Send a HTTP Post to DBSight, with a special field called "indexName". For example, if you have an index "books", with fields like "title", "author", "isbn", "price", "publish_date". You can submit it to:

http://localhost:8080/dbsight/submit.do

with parameter and values like

indexName=books
title=Good Book
author=me
isbn=123456789
price=23.99
publish_date=1221968258421                        //this is a value of a date as a number of milliseconds

All unknown columns are skipped.

Data Types

Date,Timestamp

The value should be the number of milliseconds since January 1, 1970, 00:00:00 GMT represented by this date. Usually in java, you can just use

new Date().getTime()

Numbers, Float, Integer, Long

Nothing special here. Just print the numbers to string, for example, 1234567.89

String

Nothing special here.

Buffer Index Life Cycle

Buffer Index hold the data in memory.

When submitting documents, the Primary Key Column is required. When the content with the same primary key value is submitted, the content will be updated. The other submitted fields will be updated, and the rest fields will be kept the same.
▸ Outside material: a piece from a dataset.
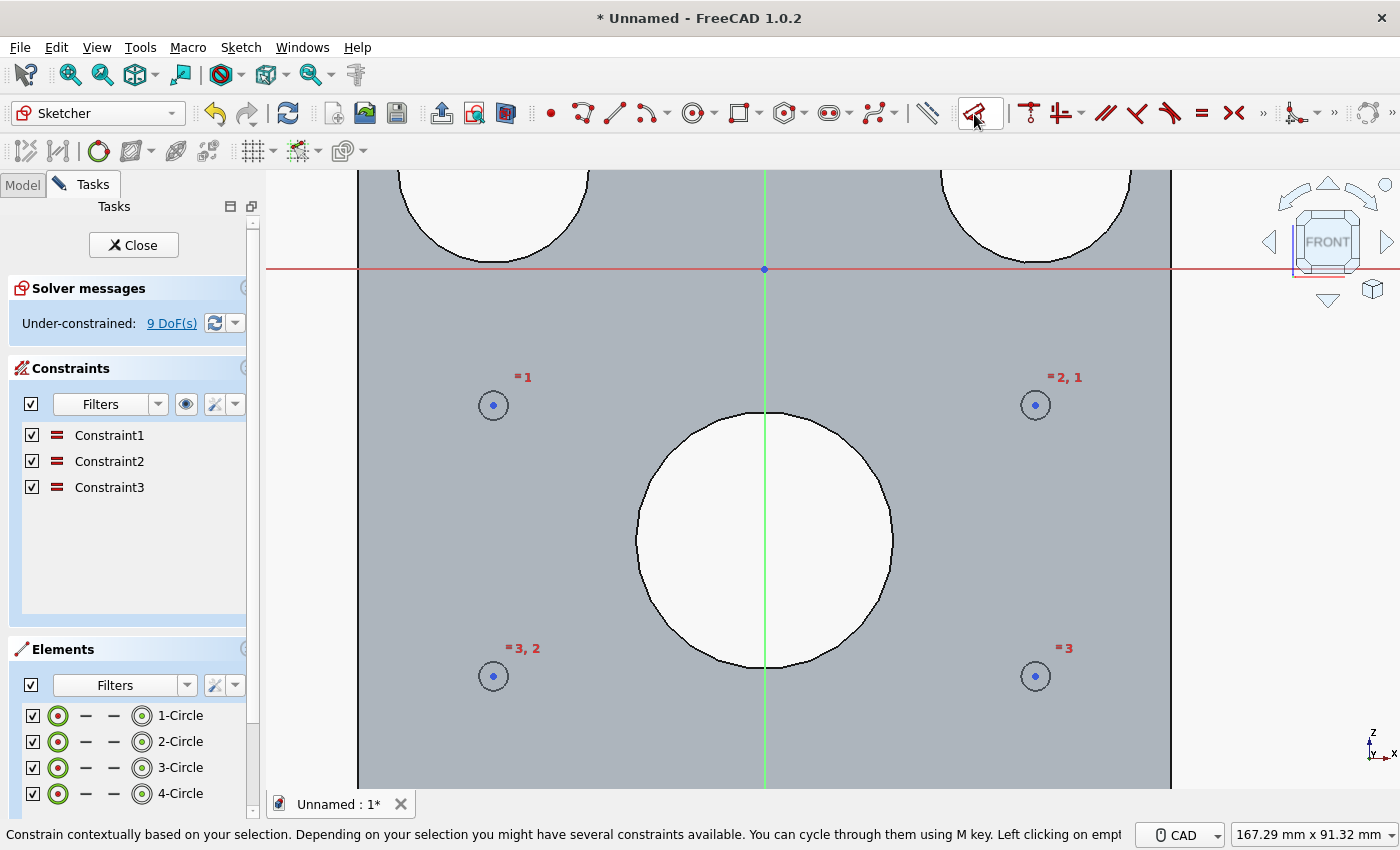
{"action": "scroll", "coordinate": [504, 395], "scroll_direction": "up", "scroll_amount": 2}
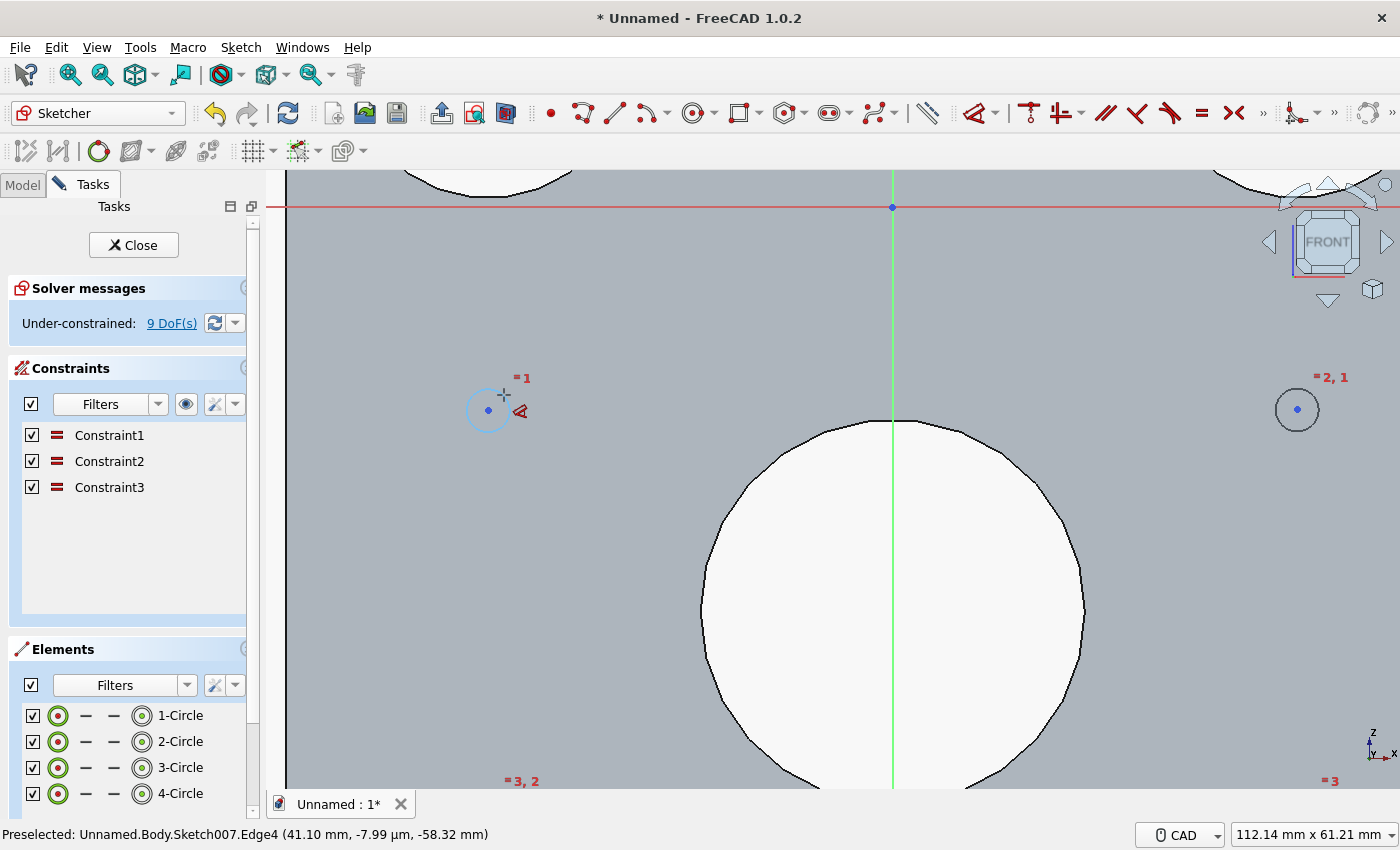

When a scheduled incremental or re-create indexing is finished, the buffer index will be discarded since it has all the duplicated documents in the newly created index. It has several advantages:

  1. Developers don't need to solely rely on the flimsy HTTP call. Just submit it and forget about it. Retrying logic is not really needed, and no need to possibly slowing down the whole application.
  2. If DBSight needs to shut down for maintenance. There will be minimal impact. Quite likely only the user himself/herself will try to search the document just submitted.

DBSight can always use the robust database crawling to retrieve the right content.

If you want to use API to submit content and want to keep buffer index content without another indexing on database, you can schedule an "Index API Submissions" job. This would merge the buffer index data into the index on disk. Here isis how it works:

  1. When submitting content via API, the content is not only indexed into buffer index in memory, but also stored on disk.
  2. When the "Index API Submissions" job runs, the on-disk content is indexed again and merged into the on-disk index.

Current Buffern Index Limitation

The content submitted via this API currently is not included in narrowBy(facet search) results.